## WORK TO BE COMPLETED:
Your answer should be the exact lines of the data below from the one containing "Can you also draw 3D cuboids around every frying" through the one containing "1. game console (205,262,431,472)"; please include nothing else.

## PROVIDED INFORMATION:
---

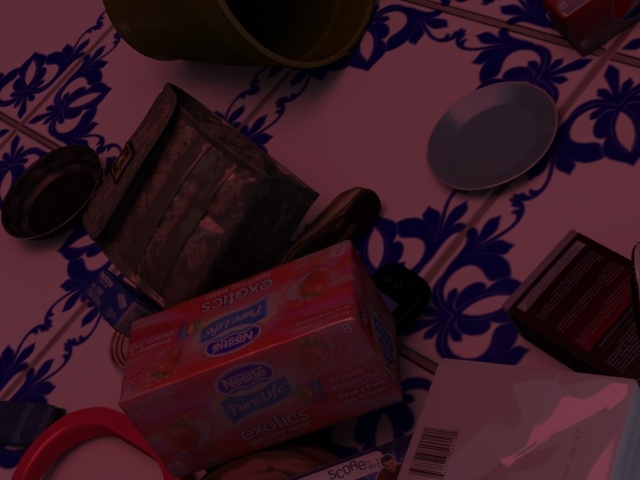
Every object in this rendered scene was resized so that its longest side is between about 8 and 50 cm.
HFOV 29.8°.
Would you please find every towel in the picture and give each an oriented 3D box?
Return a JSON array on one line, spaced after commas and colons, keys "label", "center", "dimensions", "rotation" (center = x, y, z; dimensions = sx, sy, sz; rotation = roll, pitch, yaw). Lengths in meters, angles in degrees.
[{"label": "towel", "center": [-0.421, 0.264, 1.715], "dimensions": [0.120, 0.029, 0.067], "rotation": [1, 56, 33]}]

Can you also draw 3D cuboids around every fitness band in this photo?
[{"label": "fitness band", "center": [-0.286, 0.330, 1.559], "dimensions": [0.291, 0.054, 0.209], "rotation": [21, 65, 41]}]

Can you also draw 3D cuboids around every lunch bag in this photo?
[{"label": "lunch bag", "center": [-0.187, -0.056, 1.626], "dimensions": [0.287, 0.169, 0.235], "rotation": [39, 101, 31]}]

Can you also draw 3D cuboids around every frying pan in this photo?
[{"label": "frying pan", "center": [-0.388, -0.112, 1.991], "dimensions": [0.326, 0.053, 0.197], "rotation": [-34, 43, 2]}]

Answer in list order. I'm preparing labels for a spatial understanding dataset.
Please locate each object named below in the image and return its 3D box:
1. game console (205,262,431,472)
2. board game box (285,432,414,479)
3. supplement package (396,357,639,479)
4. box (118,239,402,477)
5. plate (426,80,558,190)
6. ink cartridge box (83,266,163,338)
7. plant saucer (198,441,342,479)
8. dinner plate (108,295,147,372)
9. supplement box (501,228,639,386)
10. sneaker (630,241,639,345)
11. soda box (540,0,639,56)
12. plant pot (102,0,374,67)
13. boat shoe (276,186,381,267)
[{"label": "game console", "center": [-0.014, 0.163, 1.520], "dimensions": [0.361, 0.044, 0.213], "rotation": [-45, 44, -8]}, {"label": "board game box", "center": [0.077, 0.288, 1.303], "dimensions": [0.201, 0.035, 0.136], "rotation": [-18, 53, -5]}, {"label": "supplement package", "center": [0.215, 0.267, 1.120], "dimensions": [0.198, 0.262, 0.199], "rotation": [3, 57, 35]}, {"label": "box", "center": [-0.069, 0.142, 1.411], "dimensions": [0.300, 0.142, 0.154], "rotation": [-21, 34, 14]}, {"label": "plate", "center": [0.233, -0.137, 1.619], "dimensions": [0.188, 0.024, 0.188], "rotation": [-17, 48, 20]}, {"label": "ink cartridge box", "center": [-0.207, 0.118, 1.563], "dimensions": [0.046, 0.207, 0.097], "rotation": [-50, 44, -1]}, {"label": "plant saucer", "center": [-0.063, 0.355, 1.358], "dimensions": [0.278, 0.041, 0.277], "rotation": [-11, 58, 17]}, {"label": "dinner plate", "center": [-0.241, 0.132, 1.711], "dimensions": [0.141, 0.017, 0.141], "rotation": [-19, 45, 20]}, {"label": "supplement box", "center": [0.332, 0.096, 1.323], "dimensions": [0.130, 0.073, 0.239], "rotation": [-46, 43, -8]}, {"label": "sneaker", "center": [0.365, 0.069, 1.242], "dimensions": [0.075, 0.057, 0.161], "rotation": [-5, 50, 9]}, {"label": "soda box", "center": [0.434, -0.371, 1.637], "dimensions": [0.263, 0.083, 0.092], "rotation": [-35, 43, 5]}, {"label": "plant pot", "center": [-0.162, -0.432, 1.924], "dimensions": [0.353, 0.366, 0.366], "rotation": [-5, 52, 45]}, {"label": "boat shoe", "center": [0.000, 0.000, 1.640], "dimensions": [0.190, 0.068, 0.072], "rotation": [-42, 30, -18]}]

---

## ANSWER FOR THIS EXERCISE:
Can you also draw 3D cuboids around every frying pan in this photo?
[{"label": "frying pan", "center": [-0.388, -0.112, 1.991], "dimensions": [0.326, 0.053, 0.197], "rotation": [-34, 43, 2]}]

Answer in list order. I'm preparing labels for a spatial understanding dataset.
Please locate each object named below in the image and return its 3D box:
1. game console (205,262,431,472)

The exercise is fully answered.